Couple with local roots edging closer to the top
JANESVILLE It wasn't a bad Saturday night for husband-and-wife musicians with humble Midwest roots.
While he played with Paul McCartney on TV's "Saturday Night Live" in New York City, she backed up the Rolling Stones during a concert in New Jersey.
For Caleb and Martha Burhans, however, the gigs two weeks ago were only steps along the way in their musical careers.
"Both jobs just sort of happened," Caleb said during an interview Thursday. "They both came together about a week before the shows."
Caleb and Martha are home for the holidays. Caleb is visiting family and friends in Janesville, where he graduated from Parker High School in 1997. The former Martha Cluver is from Fort Atkinson.
"You have to have some talent, but it still comes down to who you know," Martha said. "The director of the choir I sing for has a friend who has a lot of money and knows members of the Rolling Stones. She used to date Julian Lennon."
Caleb grabbed the job playing violin with McCartney by continuously surfing the Internet after a friend told him the job would open up.
"You often get a tip and then just keep going to the Internet," he said. "It's usually first come, first served."
Martha, a vocalist, and Caleb, a musician and composer, have clawed their way to what's considered a first step to success for serious musicians—no nonmusic jobs.
"We aren't rich, but we don't have to rely on day jobs," Martha said.
"I haven't had a day job in seven years," Caleb said. "It's been a little easier for me being able to combine performing and composing."
Caleb and Martha graduated from Interlochen Arts Academy in Traverse City, Mich., and the Eastman School of Music in Rochester, N.Y.
"After we graduated, we went to New York City with no idea what we would do," Martha said.
"I was terrified," Caleb said. "But I knew this is what I wanted to do."
It was more than just wanting to make music a career.
"We knew this is what we had to do," Martha said. "There was no hesitation."
A major influence on Caleb was his father, Ron, a musician who backed up some of the greatest acts of the time, including Ray Charles, Kenny Rogers and the Everly Brothers.
"My dad was completely my greatest influence," Caleb said. "He is the reason I'm a musician."
Ron played with several groups locally, but was also known in Janesville for his handy work.
"My father did a bit of hands on work, including painting, plumbing, drywall and roofing," Caleb said. "But it was his music that he's remembered for."
The third day they were in New York City, Caleb and Martha landed a job with the choir at Trinity Wall Street, an Episcopal church in lower Manhattan.
"Choir members are paid employees," Martha said. "Those jobs paid the rent when we first started."
Caleb's career advanced on two levels.

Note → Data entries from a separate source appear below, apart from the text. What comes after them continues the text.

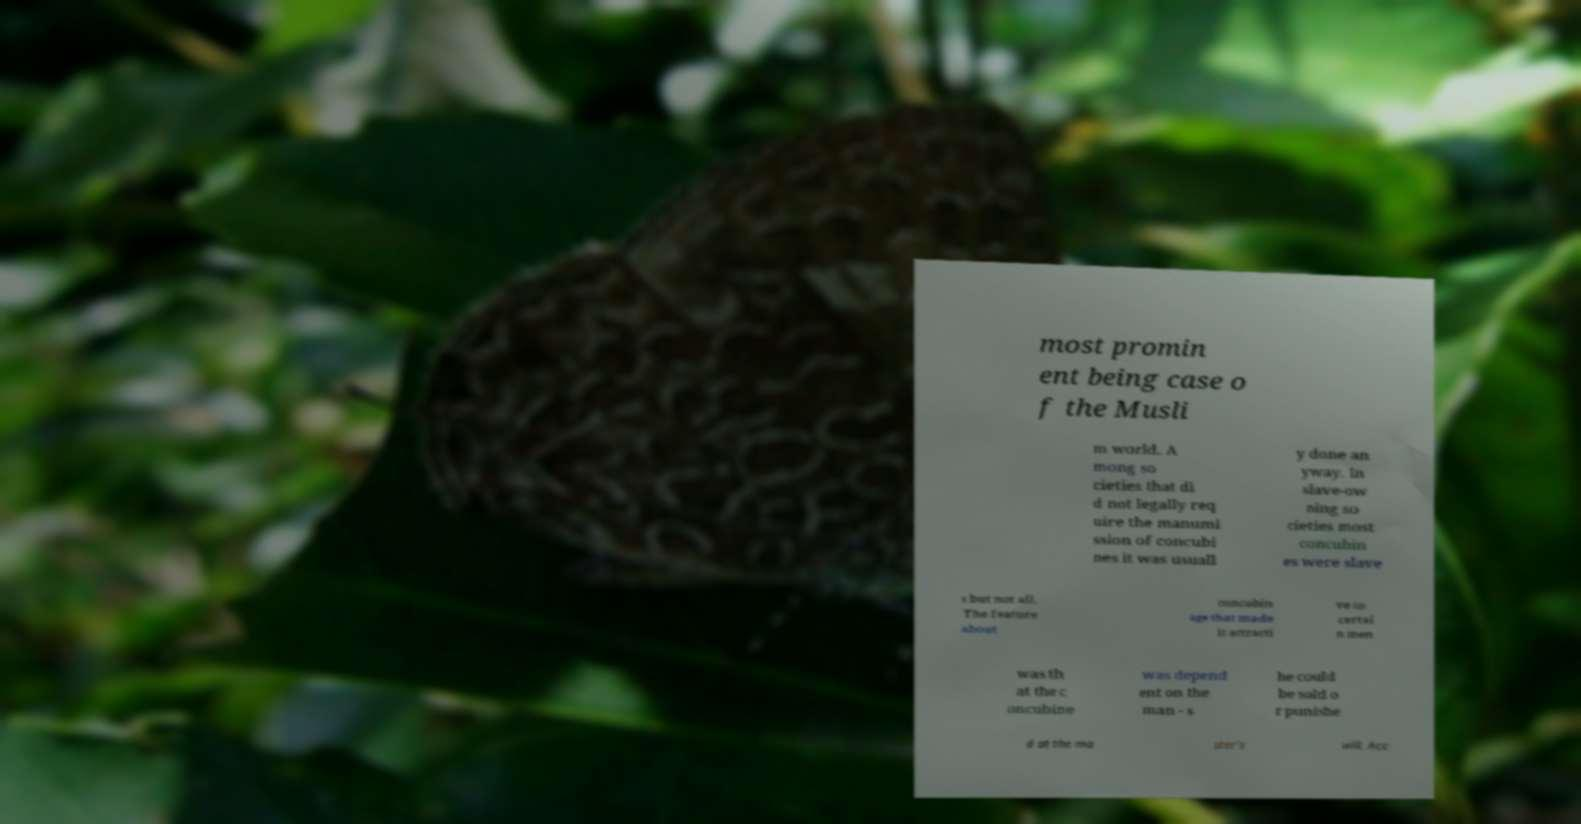I need the written content from this picture converted into text. Can you do that? most promin ent being case o f the Musli m world. A mong so cieties that di d not legally req uire the manumi ssion of concubi nes it was usuall y done an yway. In slave-ow ning so cieties most concubin es were slave s but not all. The feature about concubin age that made it attracti ve to certai n men was th at the c oncubine was depend ent on the man - s he could be sold o r punishe d at the ma ster's will. Acc 
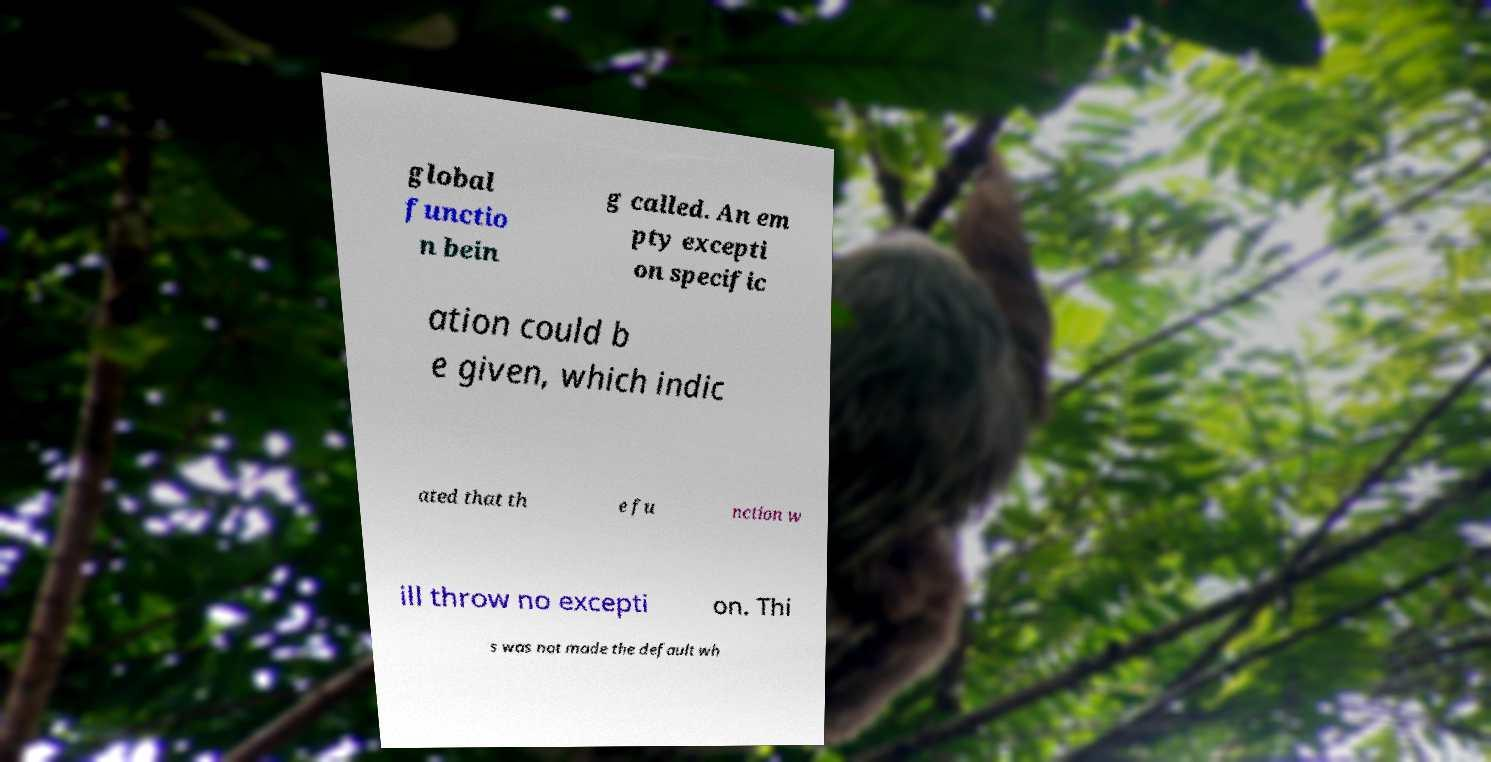There's text embedded in this image that I need extracted. Can you transcribe it verbatim? global functio n bein g called. An em pty excepti on specific ation could b e given, which indic ated that th e fu nction w ill throw no excepti on. Thi s was not made the default wh 
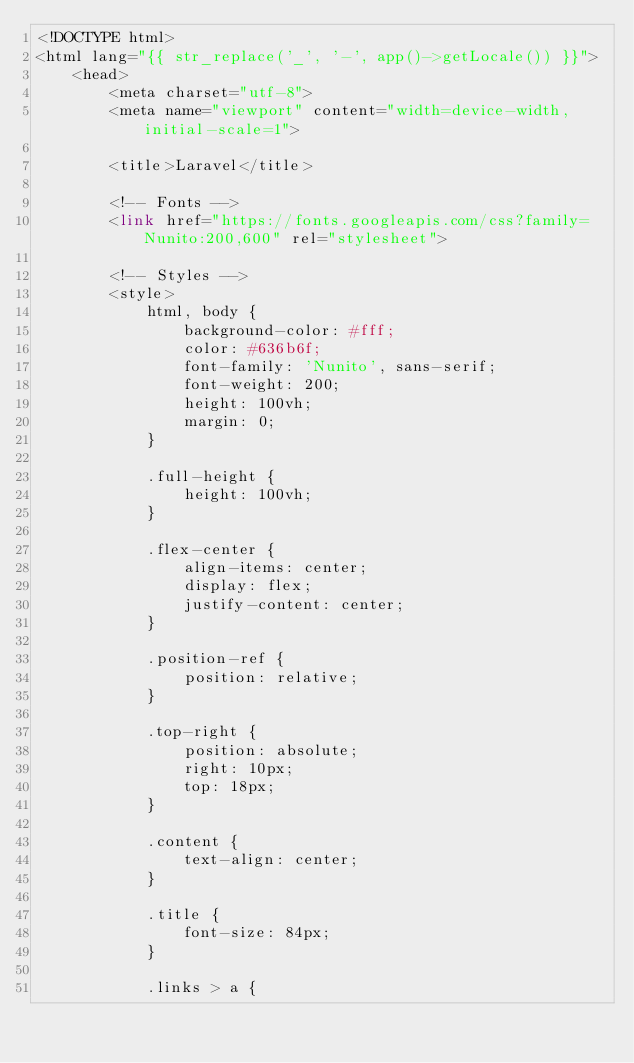Convert code to text. <code><loc_0><loc_0><loc_500><loc_500><_PHP_><!DOCTYPE html>
<html lang="{{ str_replace('_', '-', app()->getLocale()) }}">
    <head>
        <meta charset="utf-8">
        <meta name="viewport" content="width=device-width, initial-scale=1">

        <title>Laravel</title>

        <!-- Fonts -->
        <link href="https://fonts.googleapis.com/css?family=Nunito:200,600" rel="stylesheet">

        <!-- Styles -->
        <style>
            html, body {
                background-color: #fff;
                color: #636b6f;
                font-family: 'Nunito', sans-serif;
                font-weight: 200;
                height: 100vh;
                margin: 0;
            }

            .full-height {
                height: 100vh;
            }

            .flex-center {
                align-items: center;
                display: flex;
                justify-content: center;
            }

            .position-ref {
                position: relative;
            }

            .top-right {
                position: absolute;
                right: 10px;
                top: 18px;
            }

            .content {
                text-align: center;
            }

            .title {
                font-size: 84px;
            }

            .links > a {</code> 
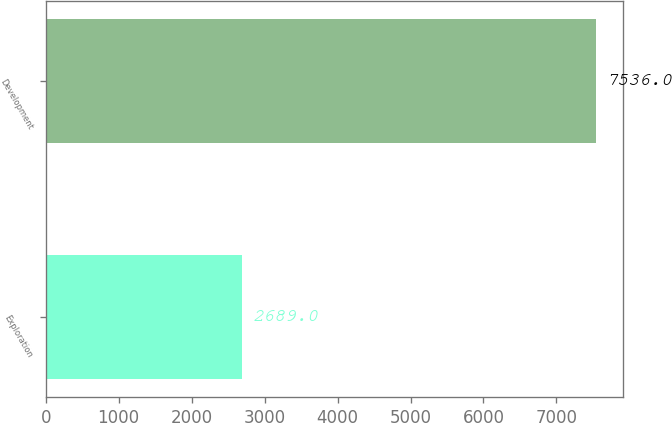<chart> <loc_0><loc_0><loc_500><loc_500><bar_chart><fcel>Exploration<fcel>Development<nl><fcel>2689<fcel>7536<nl></chart> 
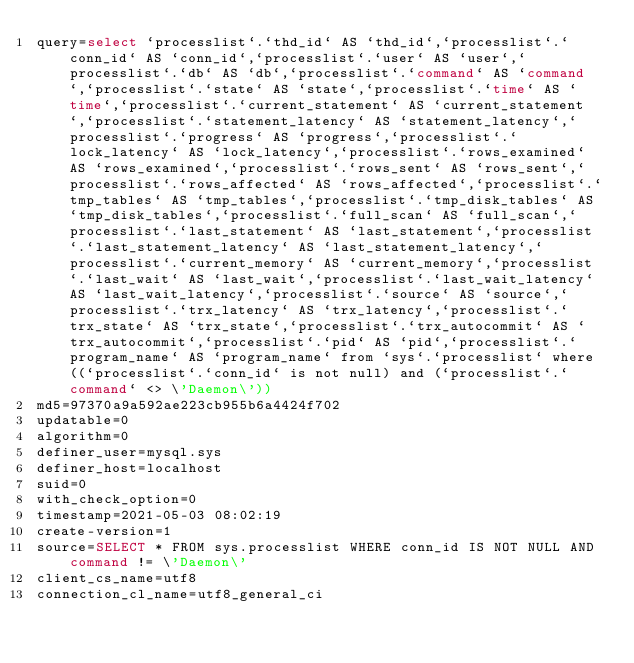Convert code to text. <code><loc_0><loc_0><loc_500><loc_500><_VisualBasic_>query=select `processlist`.`thd_id` AS `thd_id`,`processlist`.`conn_id` AS `conn_id`,`processlist`.`user` AS `user`,`processlist`.`db` AS `db`,`processlist`.`command` AS `command`,`processlist`.`state` AS `state`,`processlist`.`time` AS `time`,`processlist`.`current_statement` AS `current_statement`,`processlist`.`statement_latency` AS `statement_latency`,`processlist`.`progress` AS `progress`,`processlist`.`lock_latency` AS `lock_latency`,`processlist`.`rows_examined` AS `rows_examined`,`processlist`.`rows_sent` AS `rows_sent`,`processlist`.`rows_affected` AS `rows_affected`,`processlist`.`tmp_tables` AS `tmp_tables`,`processlist`.`tmp_disk_tables` AS `tmp_disk_tables`,`processlist`.`full_scan` AS `full_scan`,`processlist`.`last_statement` AS `last_statement`,`processlist`.`last_statement_latency` AS `last_statement_latency`,`processlist`.`current_memory` AS `current_memory`,`processlist`.`last_wait` AS `last_wait`,`processlist`.`last_wait_latency` AS `last_wait_latency`,`processlist`.`source` AS `source`,`processlist`.`trx_latency` AS `trx_latency`,`processlist`.`trx_state` AS `trx_state`,`processlist`.`trx_autocommit` AS `trx_autocommit`,`processlist`.`pid` AS `pid`,`processlist`.`program_name` AS `program_name` from `sys`.`processlist` where ((`processlist`.`conn_id` is not null) and (`processlist`.`command` <> \'Daemon\'))
md5=97370a9a592ae223cb955b6a4424f702
updatable=0
algorithm=0
definer_user=mysql.sys
definer_host=localhost
suid=0
with_check_option=0
timestamp=2021-05-03 08:02:19
create-version=1
source=SELECT * FROM sys.processlist WHERE conn_id IS NOT NULL AND command != \'Daemon\'
client_cs_name=utf8
connection_cl_name=utf8_general_ci</code> 
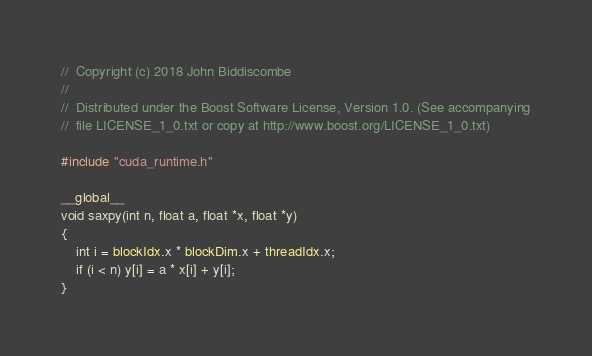<code> <loc_0><loc_0><loc_500><loc_500><_Cuda_>//  Copyright (c) 2018 John Biddiscombe
//
//  Distributed under the Boost Software License, Version 1.0. (See accompanying
//  file LICENSE_1_0.txt or copy at http://www.boost.org/LICENSE_1_0.txt)

#include "cuda_runtime.h"

__global__
void saxpy(int n, float a, float *x, float *y)
{
    int i = blockIdx.x * blockDim.x + threadIdx.x;
    if (i < n) y[i] = a * x[i] + y[i];
}

</code> 
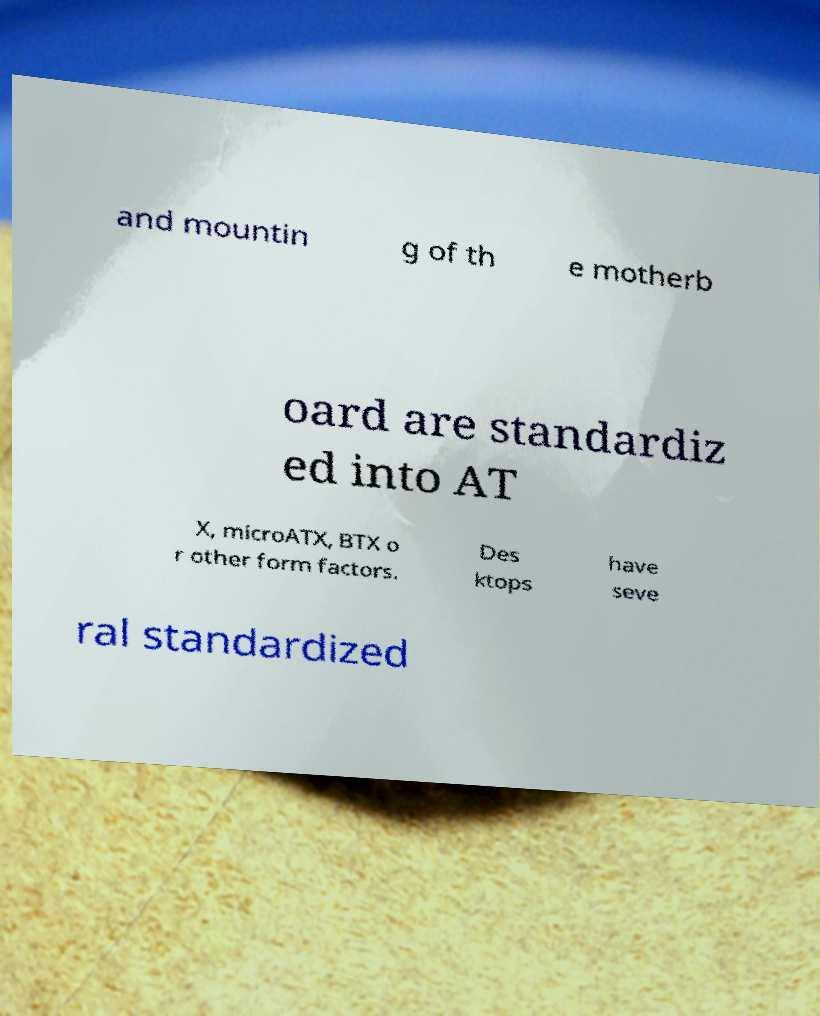Could you assist in decoding the text presented in this image and type it out clearly? and mountin g of th e motherb oard are standardiz ed into AT X, microATX, BTX o r other form factors. Des ktops have seve ral standardized 
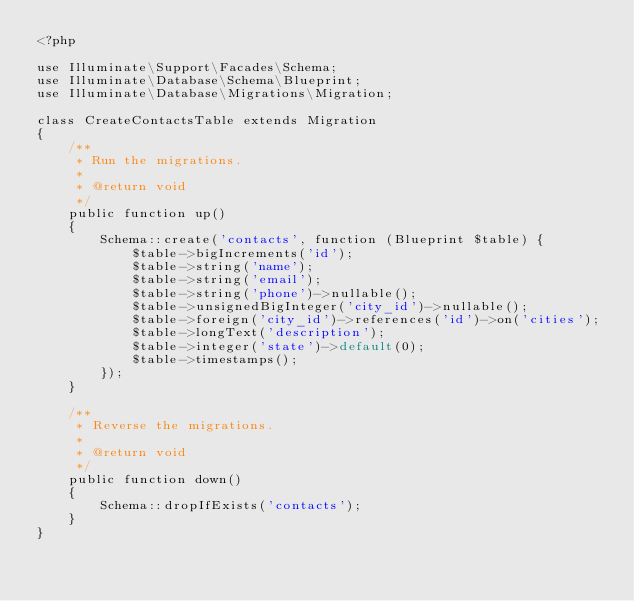Convert code to text. <code><loc_0><loc_0><loc_500><loc_500><_PHP_><?php

use Illuminate\Support\Facades\Schema;
use Illuminate\Database\Schema\Blueprint;
use Illuminate\Database\Migrations\Migration;

class CreateContactsTable extends Migration
{
    /**
     * Run the migrations.
     *
     * @return void
     */
    public function up()
    {
        Schema::create('contacts', function (Blueprint $table) {
            $table->bigIncrements('id');
            $table->string('name');
            $table->string('email');
            $table->string('phone')->nullable();
            $table->unsignedBigInteger('city_id')->nullable();
            $table->foreign('city_id')->references('id')->on('cities');
            $table->longText('description');
            $table->integer('state')->default(0);
            $table->timestamps();
        });
    }

    /**
     * Reverse the migrations.
     *
     * @return void
     */
    public function down()
    {
        Schema::dropIfExists('contacts');
    }
}
</code> 
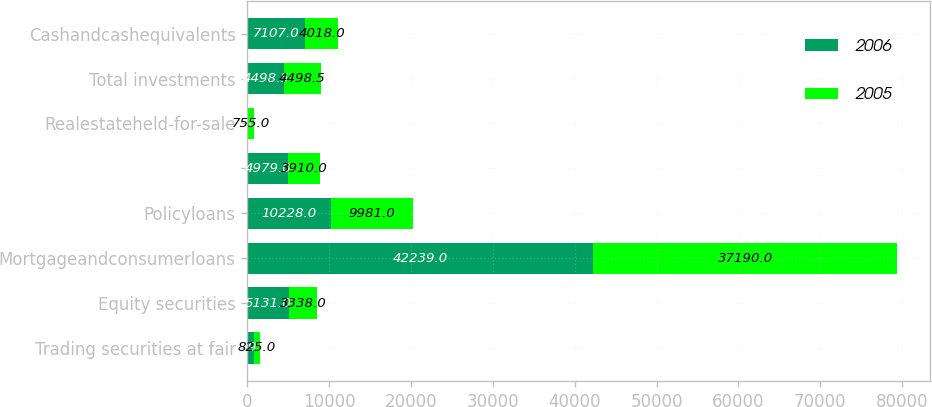<chart> <loc_0><loc_0><loc_500><loc_500><stacked_bar_chart><ecel><fcel>Trading securities at fair<fcel>Equity securities<fcel>Mortgageandconsumerloans<fcel>Policyloans<fcel>Unnamed: 5<fcel>Realestateheld-for-sale<fcel>Total investments<fcel>Cashandcashequivalents<nl><fcel>2006<fcel>759<fcel>5131<fcel>42239<fcel>10228<fcel>4979<fcel>7<fcel>4498.5<fcel>7107<nl><fcel>2005<fcel>825<fcel>3338<fcel>37190<fcel>9981<fcel>3910<fcel>755<fcel>4498.5<fcel>4018<nl></chart> 
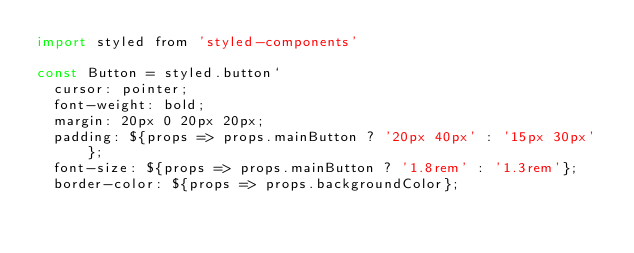<code> <loc_0><loc_0><loc_500><loc_500><_JavaScript_>import styled from 'styled-components'

const Button = styled.button`
  cursor: pointer;
  font-weight: bold;
  margin: 20px 0 20px 20px;
  padding: ${props => props.mainButton ? '20px 40px' : '15px 30px'};
  font-size: ${props => props.mainButton ? '1.8rem' : '1.3rem'};
  border-color: ${props => props.backgroundColor};</code> 
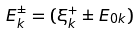Convert formula to latex. <formula><loc_0><loc_0><loc_500><loc_500>E _ { k } ^ { \pm } = ( \xi _ { k } ^ { + } \pm E _ { 0 { k } } )</formula>

As a composer, he focuses on contemporary classical music. He has been commissioned to compose for Carnegie Hall, the Library of Congress, the Lincoln Center and the Albany Symphony. As a performer, he continues to explore all forms of music.
"The week I did SNL with Paul McCartney, I had six different gigs in six days, including a chamber concert at a church, a rock band in a club and a violin solo."
The next step for Caleb and Martha is in sight, they said.
"I can see myself as a vocalist in demand doing everything from commercials, studio work and films," she said. "The goal is to get to a level where I can pick and choose jobs instead of reaching out all the time."
Two upcoming events will allow Caleb to look into the future and see where his career may be going.
The Fifth House Ensemble, a Chicago chamber group, will perform Caleb's composition, "Excelsior," designed to "challenge the idea of what an opera is," Caleb said. "It features Martha as a soloist. I wrote it for her."
The composition is based on Project Excelsior, a series of high-altitude parachute jumps by Joseph Kettinger in 1959 and 1960, including one jump from 19.2 miles above the earth's surface. Kettinger's world record parachute jump lasted until Oct. 14, when Felix Baumgartner successfully completed a 22-mile jump.
Caleb's "Excelsior" is scheduled to premiere March 9 at the Museum of Contemporary Art.
"The idea of falling 20 miles intrigued me," Caleb said. "The music and the tempo are written to keep pace with the fall."
Later next year, Caleb enters a new phase in his career with the release of a CD containing exclusively his work.
"It's a milestone for me because it will be released on a major label, Cantaloupe, for the genre I work in," he said. "It will, hopefully, be noticed by the top performers and composers."
For now, it's back to work after the holidays for Martha and Caleb.
"This is what we do, and we do it every day," Martha said. "We continue to look for greater opportunities."
For Caleb, the performing may trail off, but composing will always be his passion.
"I'll never stop," he said. "It's what I have to do."